Он знал: когда так бьют, нападая со спины, без крика и ругани, с одним лишь тяжелым хрипом, тогда не стращают, а хотят убить.
Весло в третий раз со свистом рассекало воздух. Степан сжался, пытаясь закрыть руками голову, – о пистолете он уже не думал – и обреченно понял: больше не увернуться. Удар рванул по плечу. Под твердым, тяжелым деревом в теле что-то хрякнуло, обжигающая боль плеснулась к сердцу. И новый удар. По голове, со скользом.
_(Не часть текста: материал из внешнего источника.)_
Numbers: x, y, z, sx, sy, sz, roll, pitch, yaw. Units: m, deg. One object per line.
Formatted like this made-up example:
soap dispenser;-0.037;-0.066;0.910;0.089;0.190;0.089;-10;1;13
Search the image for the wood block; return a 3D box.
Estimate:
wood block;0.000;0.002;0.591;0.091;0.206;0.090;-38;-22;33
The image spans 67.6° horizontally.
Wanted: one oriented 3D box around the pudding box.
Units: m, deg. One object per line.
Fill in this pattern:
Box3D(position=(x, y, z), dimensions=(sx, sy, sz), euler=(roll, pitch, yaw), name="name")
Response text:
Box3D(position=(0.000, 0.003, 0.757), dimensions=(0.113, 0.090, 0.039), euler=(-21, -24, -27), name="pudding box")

И еще, и еще…
Стараясь хоть как-то защитить себя, извивался на стеблях ежевичника, давил и размазывал по пиджаку и брюкам темно-сизые ягоды. Даже на крик о помощи или, может быть, о пощаде, не оставалось сил и крохи времени: весло поднималось и опускалось без устали, с прежним свистом рассекаемого воздуха и тяжелым, надсадным хрипом, словно находилось оно не в человеческих руках, а было частью хорошо отлаженной машины, запущенной на полные обороты.
"Убивают… убивают…"
4
"Господи! Ты простишь меня? Я не виноват, не виноват, ни в чем не виноват! Зла на душу не принял, от греха оберегся. Я как лучше хотел, чтобы миром… Но я же чистый, в крови не замаран. Простишь, Господи?! Простишь?! Го-о-о-спо-ди-и-и-и!"
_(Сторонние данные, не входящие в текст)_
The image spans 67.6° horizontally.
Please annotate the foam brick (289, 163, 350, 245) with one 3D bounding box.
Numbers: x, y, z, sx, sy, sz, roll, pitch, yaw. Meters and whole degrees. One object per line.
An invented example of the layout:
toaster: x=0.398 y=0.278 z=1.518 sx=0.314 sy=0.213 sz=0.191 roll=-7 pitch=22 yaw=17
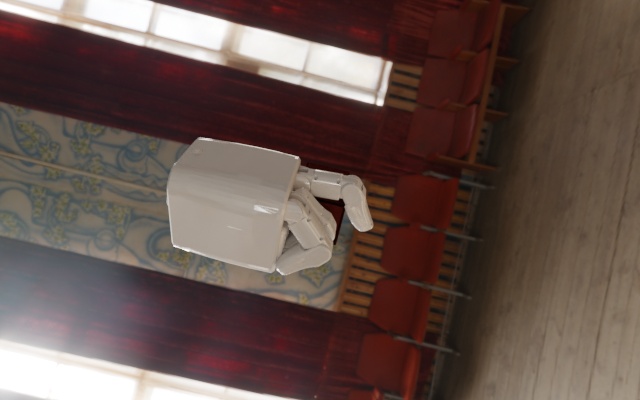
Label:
foam brick: x=0.000 y=0.002 z=0.517 sx=0.051 sy=0.053 sz=0.078 roll=13 pitch=30 yaw=0
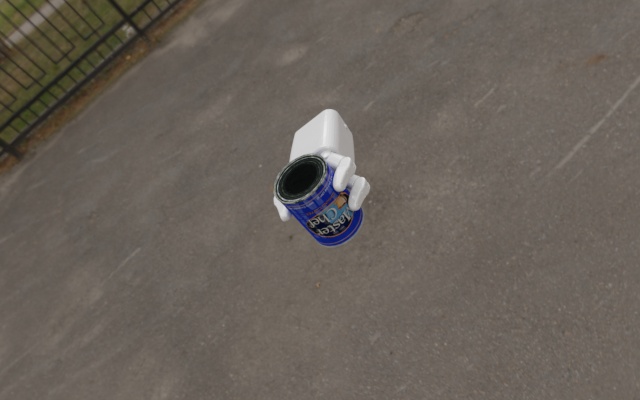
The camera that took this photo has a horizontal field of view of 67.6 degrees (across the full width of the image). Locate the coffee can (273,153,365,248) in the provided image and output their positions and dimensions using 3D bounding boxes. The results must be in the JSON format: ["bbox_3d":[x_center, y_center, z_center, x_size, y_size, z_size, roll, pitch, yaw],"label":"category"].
[{"bbox_3d":[0.000,0.003,0.819,0.103,0.102,0.140,0,-35,36],"label":"coffee can"}]

Суровые лики взирали с темных икон безмолвно. Ползал по ним неверный отсвет горящей восковой свечи – узкое пламя металось, не находя покоя. И метался под иконами, не находя успокоения, Александр. Бился головой в половицу, молил о прощении, с надеждой поднимал глаза вверх – хоть бы видение какое, знак малый в ответ. Ничего. Слышно лишь, как потрескивает, сгорая, свеча, да слабо различаются неподвижные глаза святых. Тяжелой чернотой наливались за спиной потемки и подступали вплотную. Александр чуял их кожей, через рубашку. Вот они уже клубятся на полу, поднимаются и давят на плечи, гнут к земле, грозя сломать поясницу.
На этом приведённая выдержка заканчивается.